**Information supplied**
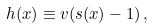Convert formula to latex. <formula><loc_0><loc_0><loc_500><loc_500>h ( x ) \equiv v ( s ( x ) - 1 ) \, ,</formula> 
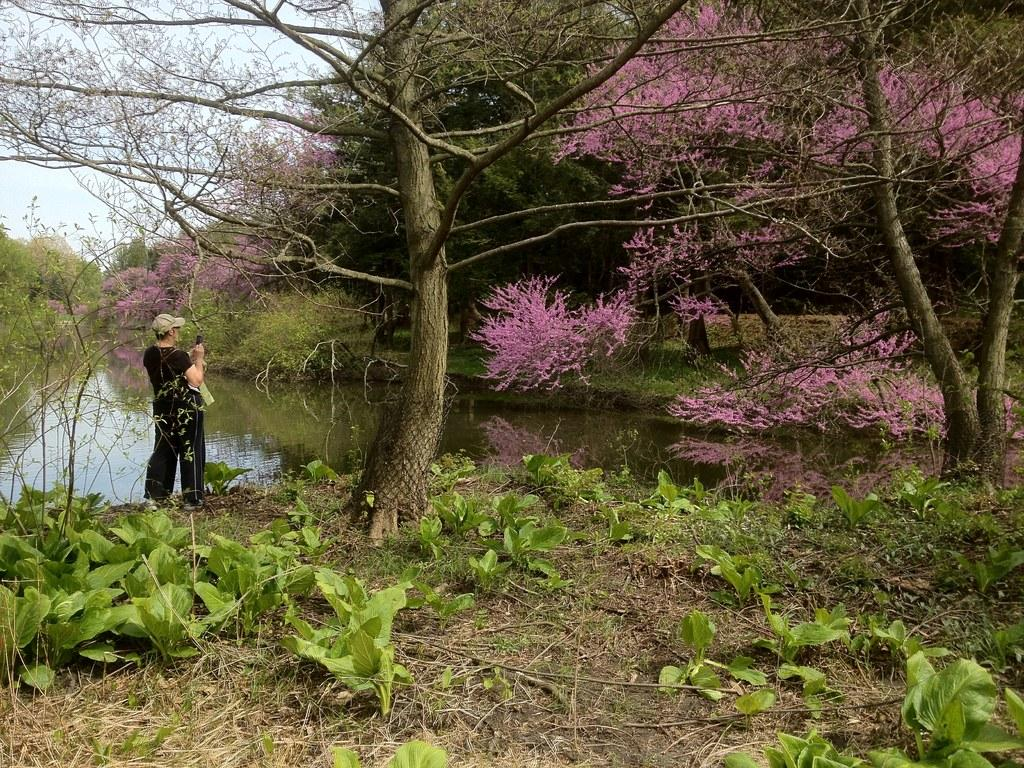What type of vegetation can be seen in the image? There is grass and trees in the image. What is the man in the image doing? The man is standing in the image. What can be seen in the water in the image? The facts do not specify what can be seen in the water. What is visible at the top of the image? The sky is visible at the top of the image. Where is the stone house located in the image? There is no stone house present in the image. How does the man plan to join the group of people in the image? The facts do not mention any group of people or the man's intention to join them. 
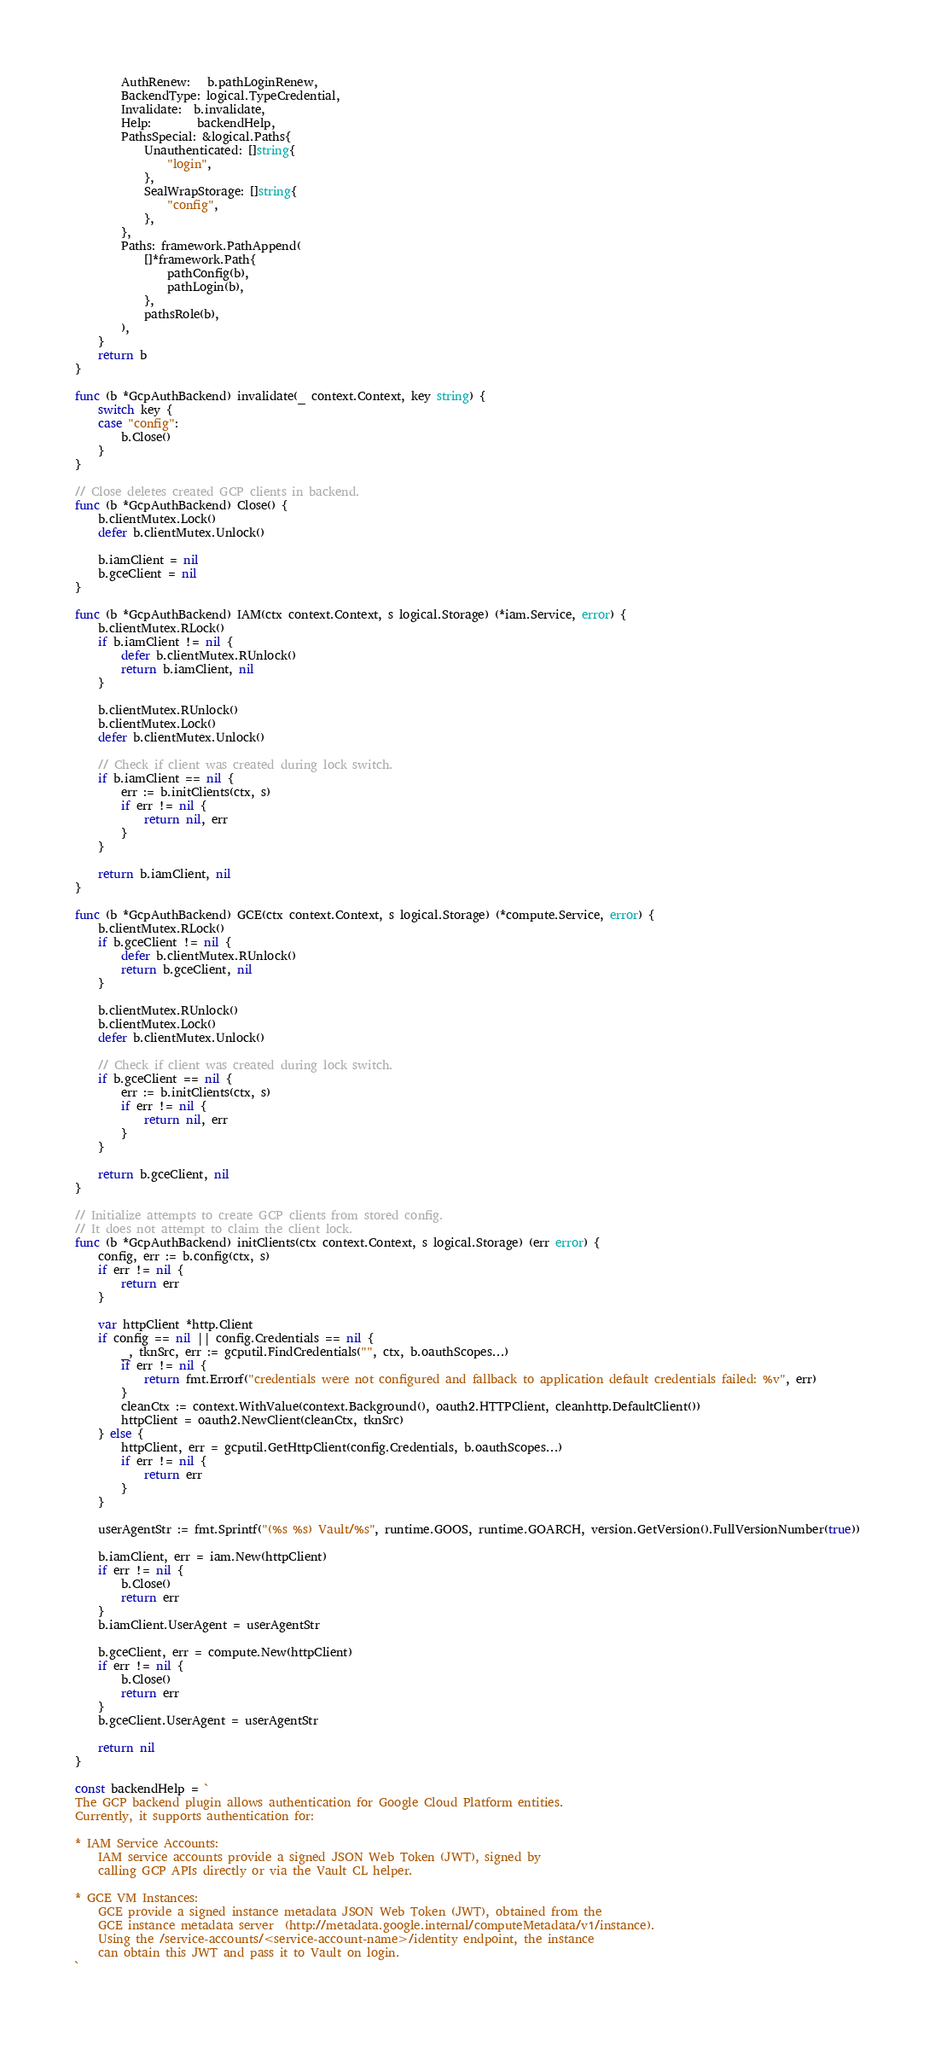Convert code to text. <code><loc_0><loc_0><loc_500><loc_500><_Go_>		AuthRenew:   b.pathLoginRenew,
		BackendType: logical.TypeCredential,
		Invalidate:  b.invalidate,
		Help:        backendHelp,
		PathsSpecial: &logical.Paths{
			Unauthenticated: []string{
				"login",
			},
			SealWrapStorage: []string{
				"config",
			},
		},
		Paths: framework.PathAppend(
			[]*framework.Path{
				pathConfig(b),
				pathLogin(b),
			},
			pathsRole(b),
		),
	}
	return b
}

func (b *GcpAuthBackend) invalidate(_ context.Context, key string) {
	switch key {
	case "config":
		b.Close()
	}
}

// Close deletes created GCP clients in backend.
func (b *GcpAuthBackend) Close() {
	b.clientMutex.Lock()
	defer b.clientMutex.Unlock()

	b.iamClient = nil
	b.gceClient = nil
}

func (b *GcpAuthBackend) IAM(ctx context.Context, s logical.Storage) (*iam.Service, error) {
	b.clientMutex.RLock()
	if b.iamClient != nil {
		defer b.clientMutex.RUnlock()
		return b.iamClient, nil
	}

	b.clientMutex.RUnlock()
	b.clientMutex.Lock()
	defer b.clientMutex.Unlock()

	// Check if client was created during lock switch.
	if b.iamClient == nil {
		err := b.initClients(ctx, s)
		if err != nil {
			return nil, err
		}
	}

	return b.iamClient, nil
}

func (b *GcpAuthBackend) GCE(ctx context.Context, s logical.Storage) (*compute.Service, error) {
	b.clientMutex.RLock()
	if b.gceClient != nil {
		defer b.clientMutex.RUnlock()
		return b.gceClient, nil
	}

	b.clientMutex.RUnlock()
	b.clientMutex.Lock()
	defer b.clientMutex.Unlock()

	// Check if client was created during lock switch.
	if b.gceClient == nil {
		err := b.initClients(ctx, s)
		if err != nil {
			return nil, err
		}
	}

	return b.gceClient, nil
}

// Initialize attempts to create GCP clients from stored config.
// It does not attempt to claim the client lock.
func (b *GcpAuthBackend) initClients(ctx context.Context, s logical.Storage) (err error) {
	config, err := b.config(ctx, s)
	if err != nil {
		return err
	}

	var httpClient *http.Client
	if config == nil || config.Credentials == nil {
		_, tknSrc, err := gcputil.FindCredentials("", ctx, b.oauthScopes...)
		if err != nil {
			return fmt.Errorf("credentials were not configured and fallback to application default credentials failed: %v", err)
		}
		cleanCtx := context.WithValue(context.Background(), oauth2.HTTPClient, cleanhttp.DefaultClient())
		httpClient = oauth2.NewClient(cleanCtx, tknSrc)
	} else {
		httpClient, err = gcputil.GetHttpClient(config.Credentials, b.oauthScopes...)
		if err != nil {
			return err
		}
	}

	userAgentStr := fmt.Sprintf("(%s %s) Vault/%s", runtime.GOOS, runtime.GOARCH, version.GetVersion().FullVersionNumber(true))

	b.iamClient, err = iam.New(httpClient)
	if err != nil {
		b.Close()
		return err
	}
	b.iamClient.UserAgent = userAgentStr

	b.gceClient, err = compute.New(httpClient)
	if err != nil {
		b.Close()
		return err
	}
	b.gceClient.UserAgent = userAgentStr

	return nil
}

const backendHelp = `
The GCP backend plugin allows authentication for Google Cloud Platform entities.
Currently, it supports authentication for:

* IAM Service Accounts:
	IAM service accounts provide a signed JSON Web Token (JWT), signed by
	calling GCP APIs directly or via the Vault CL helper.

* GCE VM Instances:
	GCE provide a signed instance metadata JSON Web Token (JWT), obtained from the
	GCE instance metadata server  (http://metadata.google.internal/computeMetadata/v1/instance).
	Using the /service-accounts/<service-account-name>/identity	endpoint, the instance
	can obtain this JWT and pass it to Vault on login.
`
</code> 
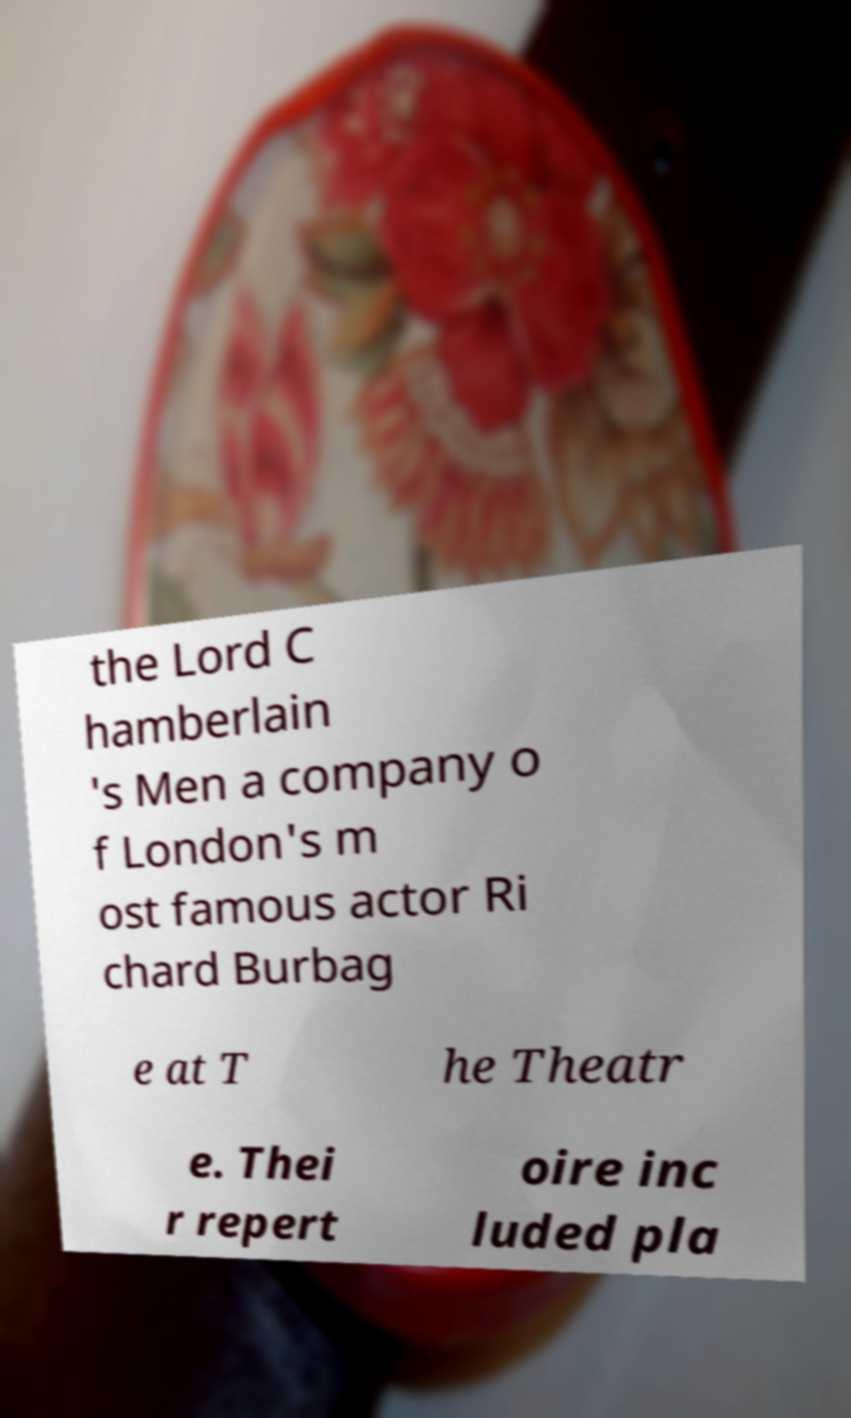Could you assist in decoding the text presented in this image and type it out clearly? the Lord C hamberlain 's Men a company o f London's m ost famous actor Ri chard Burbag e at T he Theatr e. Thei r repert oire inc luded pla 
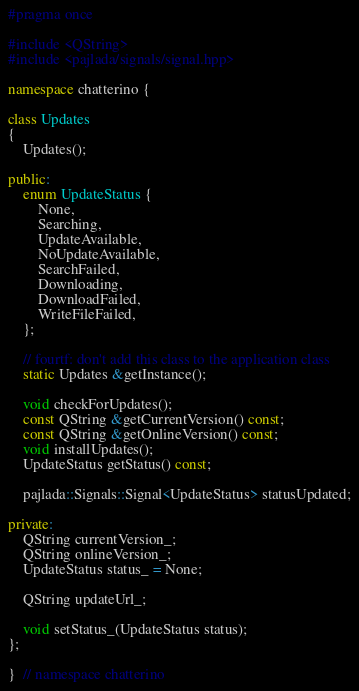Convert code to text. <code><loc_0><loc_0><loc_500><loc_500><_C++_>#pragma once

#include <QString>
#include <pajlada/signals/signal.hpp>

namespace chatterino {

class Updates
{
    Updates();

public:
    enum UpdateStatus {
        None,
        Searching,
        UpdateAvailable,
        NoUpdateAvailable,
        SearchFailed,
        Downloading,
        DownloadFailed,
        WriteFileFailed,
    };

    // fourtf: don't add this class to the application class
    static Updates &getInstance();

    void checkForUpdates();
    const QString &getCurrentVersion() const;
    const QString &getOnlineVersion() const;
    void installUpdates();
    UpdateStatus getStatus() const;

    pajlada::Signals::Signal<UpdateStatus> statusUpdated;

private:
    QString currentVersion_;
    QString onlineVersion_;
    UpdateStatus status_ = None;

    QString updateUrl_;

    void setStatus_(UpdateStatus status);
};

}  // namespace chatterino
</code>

**Exercise**
Give the count of lines in the records above that hold the string "UpdateStatus", and only that count.

**Task answer**
5